# Mini Travel Band Jig



## Metropolicity (Aug 22, 2013)

I have a feeling I'll be making some bb bands while down at ECST so I knocked up a quick little jig.

I forget where the table clamp hardware came from, maybe my mini chop saw.

One clamp and two different peg sizes. Not really needed but it's there.


----------



## BCLuxor (Aug 24, 2010)

What are the clamps called Eric , that's way cool


----------



## quarterinmynose (Jan 21, 2012)

Very nice. Good compact jigs are awesome. They certainly do come into their own while travelling.

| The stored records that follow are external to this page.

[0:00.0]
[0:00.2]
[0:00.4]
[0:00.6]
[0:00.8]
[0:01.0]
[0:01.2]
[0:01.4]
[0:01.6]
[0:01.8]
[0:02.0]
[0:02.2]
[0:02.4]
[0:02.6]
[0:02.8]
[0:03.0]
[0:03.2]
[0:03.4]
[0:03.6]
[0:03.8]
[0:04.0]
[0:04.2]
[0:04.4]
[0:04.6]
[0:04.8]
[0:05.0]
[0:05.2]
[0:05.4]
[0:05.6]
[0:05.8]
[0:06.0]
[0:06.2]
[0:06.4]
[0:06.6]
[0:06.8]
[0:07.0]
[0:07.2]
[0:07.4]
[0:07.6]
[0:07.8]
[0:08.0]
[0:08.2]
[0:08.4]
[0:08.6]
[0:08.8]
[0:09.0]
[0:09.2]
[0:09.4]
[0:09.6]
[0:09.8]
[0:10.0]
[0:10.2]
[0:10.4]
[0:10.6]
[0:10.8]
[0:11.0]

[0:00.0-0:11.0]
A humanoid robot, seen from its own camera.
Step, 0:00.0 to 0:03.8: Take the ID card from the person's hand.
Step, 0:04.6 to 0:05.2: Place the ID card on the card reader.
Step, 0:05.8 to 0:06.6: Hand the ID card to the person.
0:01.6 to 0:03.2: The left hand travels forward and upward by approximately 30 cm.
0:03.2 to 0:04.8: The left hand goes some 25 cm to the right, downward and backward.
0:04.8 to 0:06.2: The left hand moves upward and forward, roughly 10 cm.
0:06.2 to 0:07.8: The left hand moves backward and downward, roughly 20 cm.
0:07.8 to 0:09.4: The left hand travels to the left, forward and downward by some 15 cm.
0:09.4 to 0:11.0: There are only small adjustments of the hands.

I absolutely love my jig/band supply case Mr. D. Riley hooked my up with, everything you could need for a weekend in one case.


----------



## JTslinger (Jan 26, 2015)

That is awesome!


----------



## squirrel squasher (May 17, 2013)

That is sweet!


----------



## pgandy (Aug 15, 2011)

:thumbsup:


----------



## Metropolicity (Aug 22, 2013)

BCLuxor said:


> What are the clamps called Eric , that's way cool


They are toggle clamps.


----------



## JonM (Aug 17, 2013)

You can use the rocker universal fence clamp for a table clamp if you have a pair for your table saw.


----------



## Metropolicity (Aug 22, 2013)

JonM said:


> You can use the rocker universal fence clamp for a table clamp if you have a pair for your table saw.

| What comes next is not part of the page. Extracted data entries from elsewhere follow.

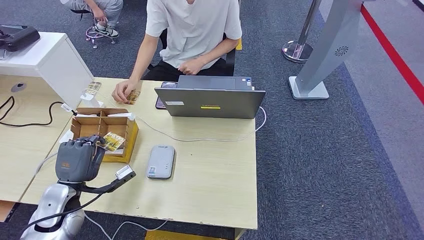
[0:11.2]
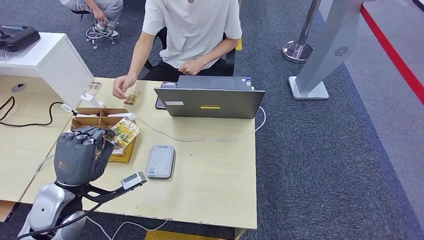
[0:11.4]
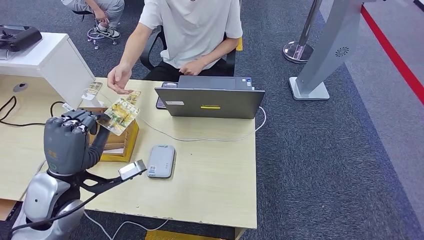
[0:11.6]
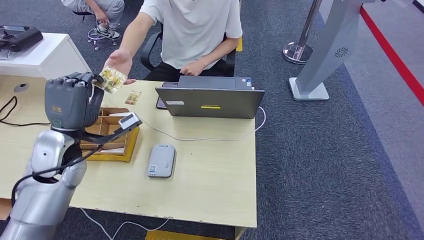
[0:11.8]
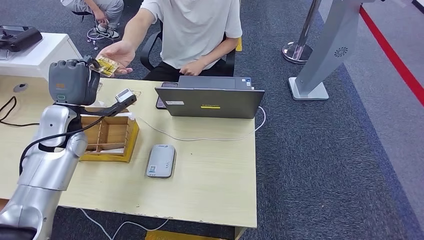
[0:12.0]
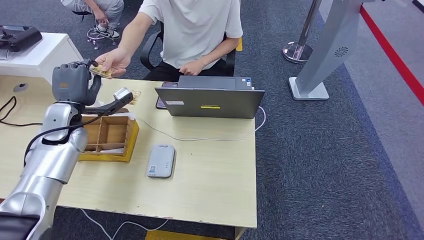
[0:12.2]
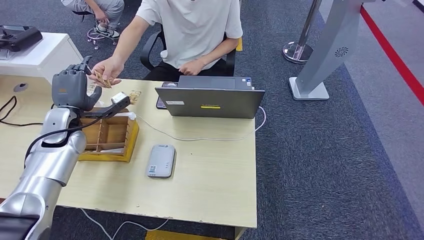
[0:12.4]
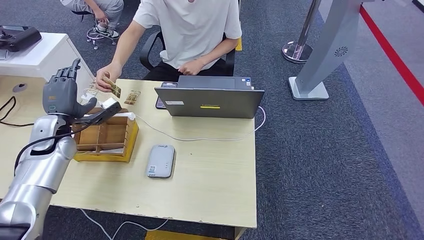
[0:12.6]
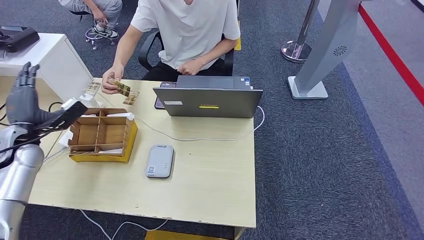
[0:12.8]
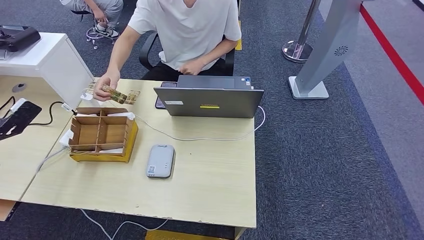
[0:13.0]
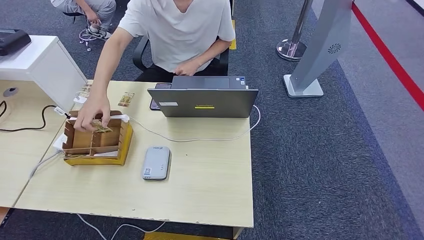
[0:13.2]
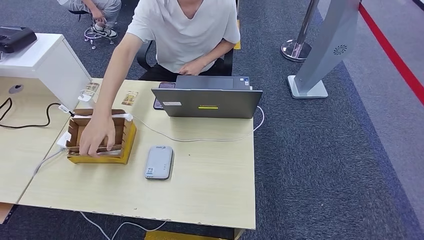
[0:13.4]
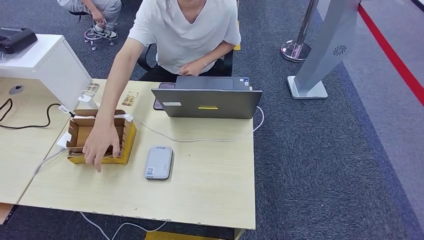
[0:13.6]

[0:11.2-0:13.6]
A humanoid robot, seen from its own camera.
Step, 0:12.0 to 0:13.6: Hand the room key to the person.
0:11.2 to 0:12.4: The left hand heads forward and upward, covering about 20 cm.
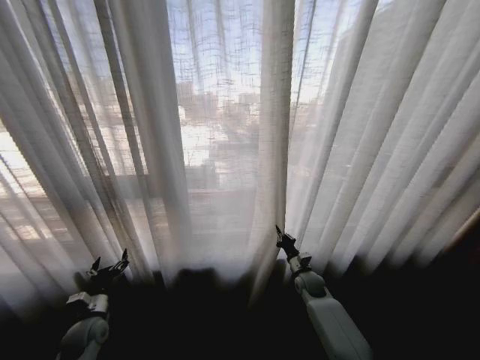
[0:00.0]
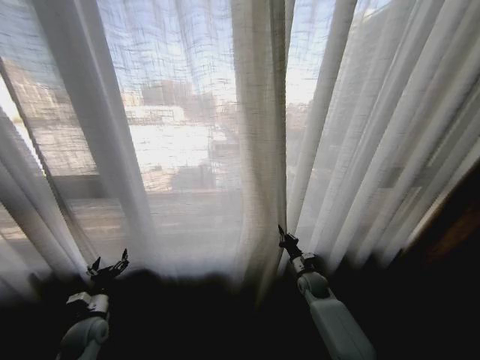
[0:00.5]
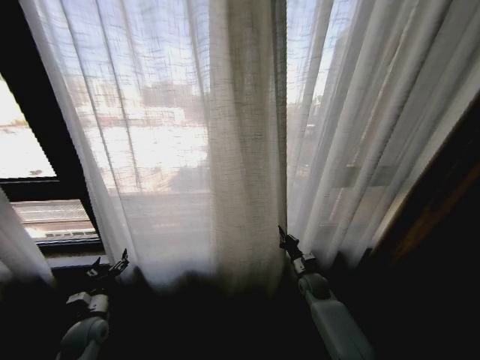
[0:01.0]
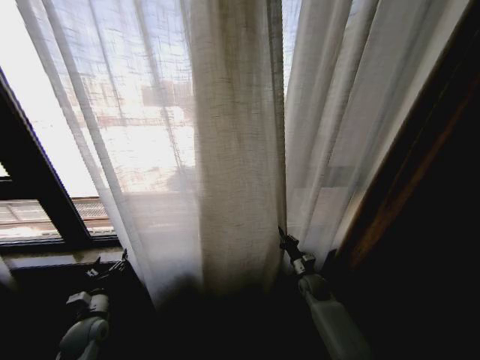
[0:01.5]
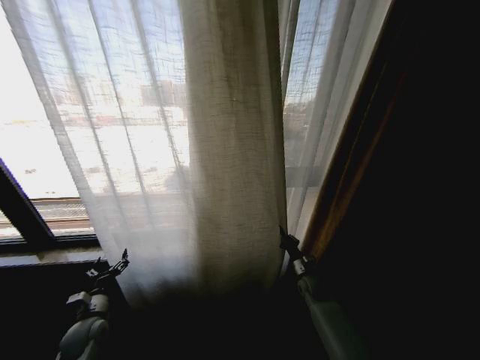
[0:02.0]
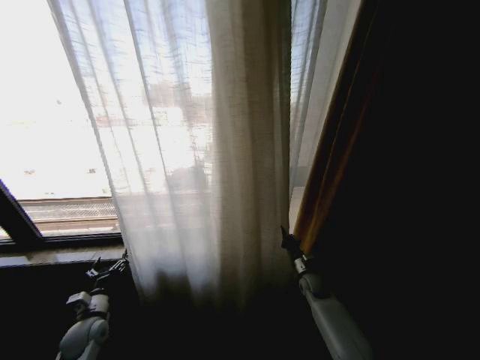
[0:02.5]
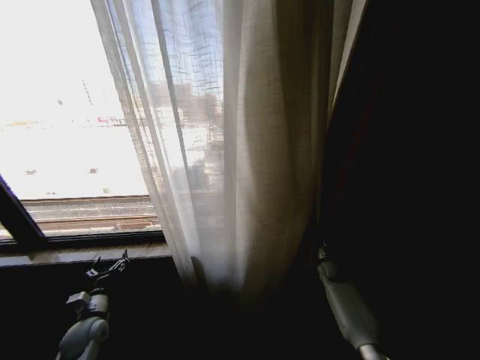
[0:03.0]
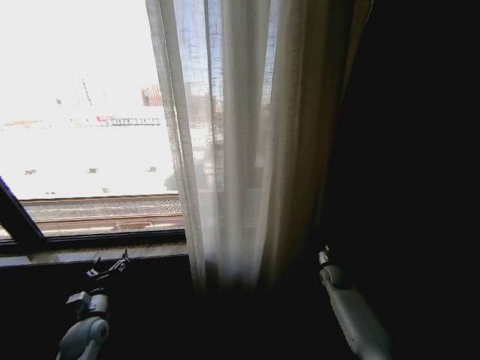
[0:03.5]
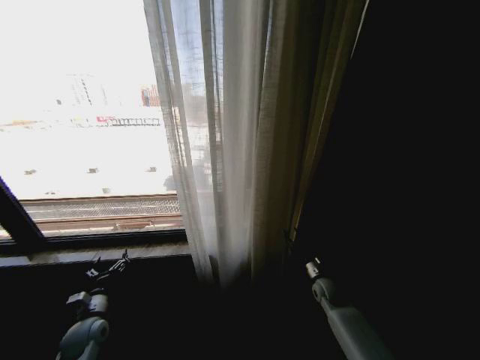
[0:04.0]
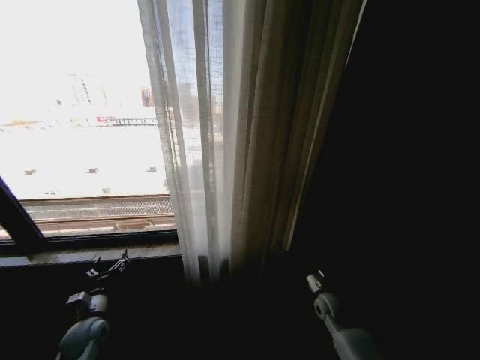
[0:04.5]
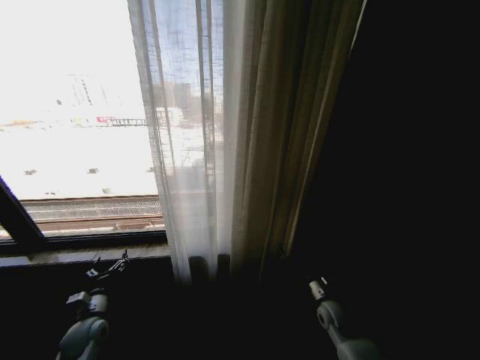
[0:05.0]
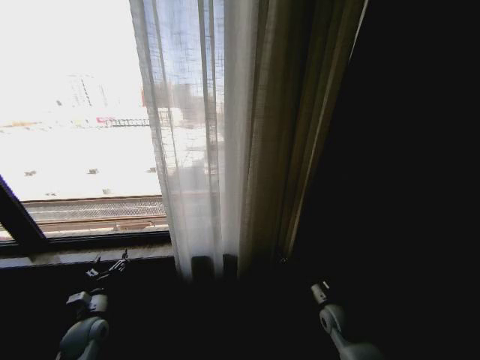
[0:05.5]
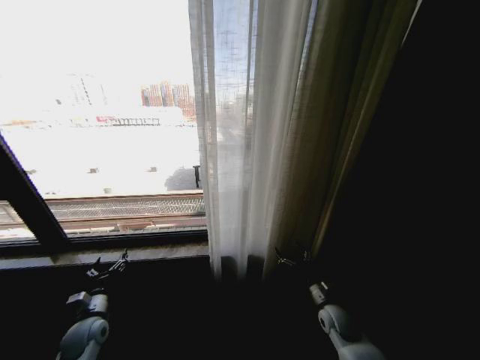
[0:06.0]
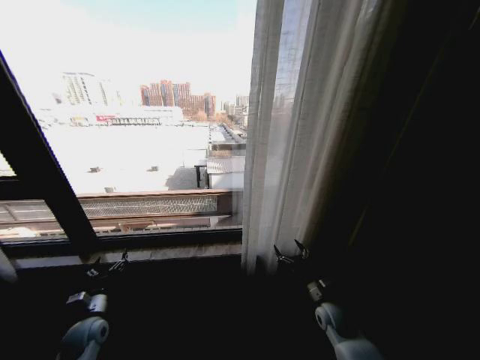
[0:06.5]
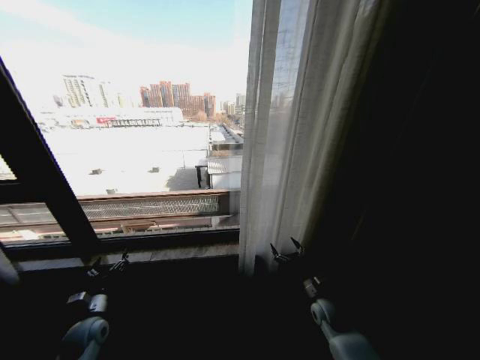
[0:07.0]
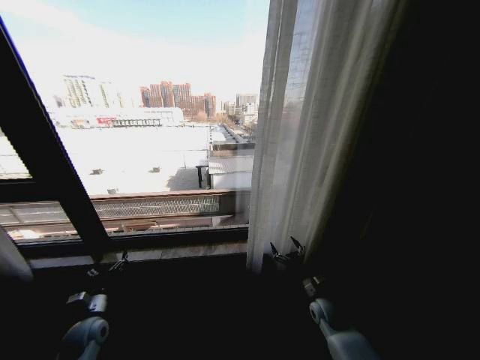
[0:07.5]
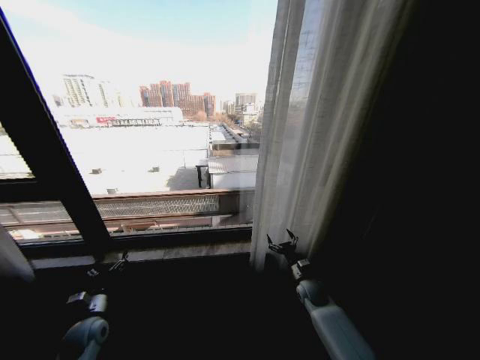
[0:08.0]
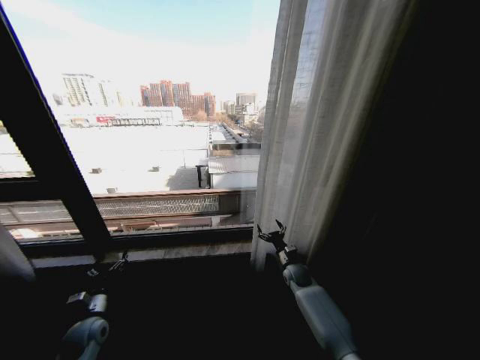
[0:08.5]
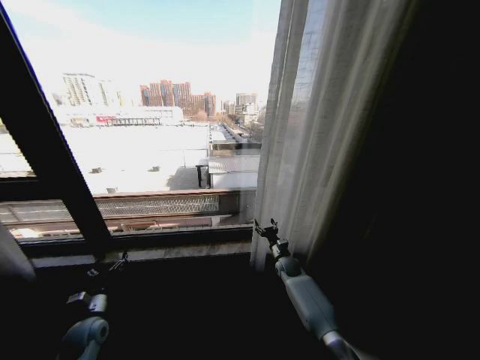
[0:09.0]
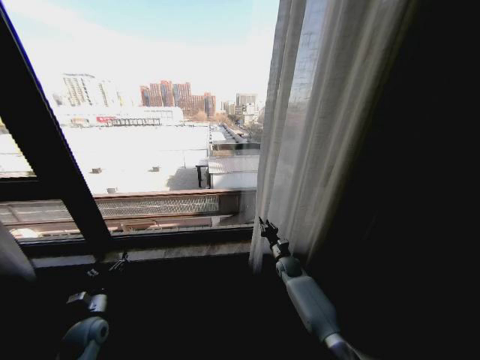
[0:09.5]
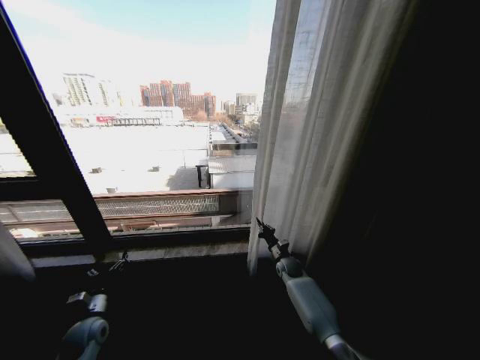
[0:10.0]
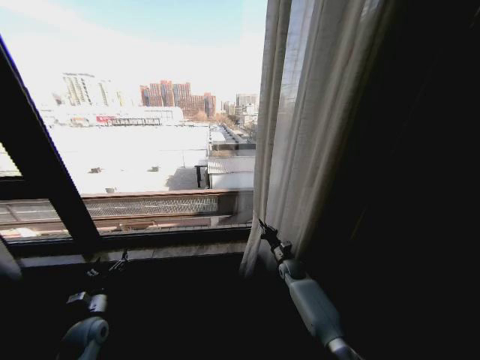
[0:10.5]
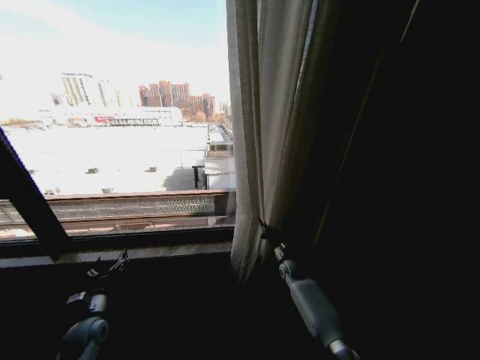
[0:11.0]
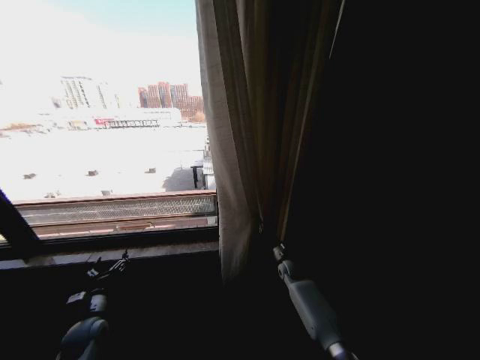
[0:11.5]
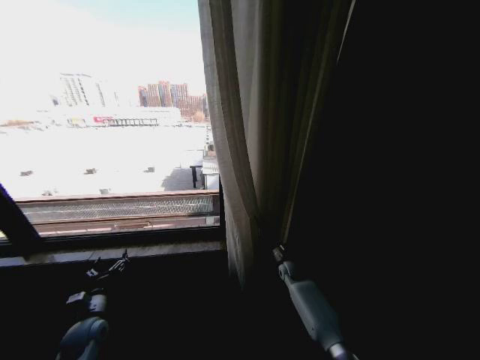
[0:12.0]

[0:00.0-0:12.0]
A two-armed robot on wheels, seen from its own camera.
Task of the whole recording: Open the curtains by pulling them apart, changing their state from closed to fully open.
0:02.0 to 0:04.0: The right gripper opens.
0:04.0 to 0:06.0: The right gripper travels backward by some 10 cm, and opens.
0:06.0 to 0:08.0: The right gripper moves forward, approximately 10 cm.
0:08.0 to 0:10.0: The right gripper goes some 10 cm forward and to the left, and closes up.

Probably, I had this one in a junk drawer and it'll live permanently on this jig.


----------



## oldmiser (Jan 22, 2014)

:slap: Dah so simple to make yet very cool looking Eric what can I say besides AWESOME ~AkaOldmiser


----------



## Mr. P (Feb 1, 2015)

:yeahthat:


----------



## sharp eye (Jun 3, 2014)

Very practical idea.

Double side tape (used for acrylics) might work too for securing the jig to any surface.


----------



## Metropolicity (Aug 22, 2013)

sharp eye said:


> Very practical idea.
> 
> Double side tape (used for acrylics) might work too for securing the jig to any surface.


The key is portability...mounting it would reduced that 10 fold haha


----------



## Arnisador78 (Apr 10, 2013)

Gotta make me one of these!

Sent from my iPad using Tapatalk


----------



## Chuck Daehler (Mar 17, 2015)

A slick invention. Wish we could buy toggle clamps here in banana land. Ecuadorian hardware stores only sell essentials any "Mr. Ordinary Joe Sixpack" would buy.


----------



## pgandy (Aug 15, 2011)

Chuck Daehler said:


> A slick invention. Wish we could buy toggle clamps here in banana land. Ecuadorian hardware stores only sell essentials any "Mr. Ordinary Joe Sixpack" would buy.


I don't know if toggle clamps are worth it to you but here is a solution. If not for clamps you can use the idea for other things.

The delivery system I use and has facilities in Ecuador: http://www.aerocasillas.com/web/frontend/about_us?lang=_eng&country=sjo

Vendor:

http://www.amazon.com/s/ref=nb_sb_ss_i_0_13/179-7895226-1053923?url=search-alias%3Daps&field-keywords=toggle+clamps&sprefix=toggle+clamps%2Caps%2C553


----------



## JonM (Aug 17, 2013)

If you're comfortable with Ebay, they have some for $1-$2 a piece & up.


----------



## tyrone8511 (May 2, 2014)

I must say Metro your ideas and plans are Genius, just when I think something can't be improved or made better, you make it better and usually in a simple way. I like this jig big time.


----------



## tradspirit (Jul 23, 2012)

Excellent innovation.


----------



## AZshooter (May 1, 2011)

Great idea, Eric...compact and sturdy...I tried something like it in the "U" shape, but I placed a C-clamp in the center to hold to the board...with the two U arms extending over the table so I could have more room for wrapping...PHIL


----------



## leon13 (Oct 4, 2012)

Soo cool 
Thanks for sharing 
Cheerio


----------



## lunasling (Apr 5, 2015)

Excellent idea ! Gonna try a different version of it . With local available clamps .


----------



## hainfelder (Oct 19, 2014)

great!


----------



## Aspie (May 19, 2015)

Now that is a nice fixture!


----------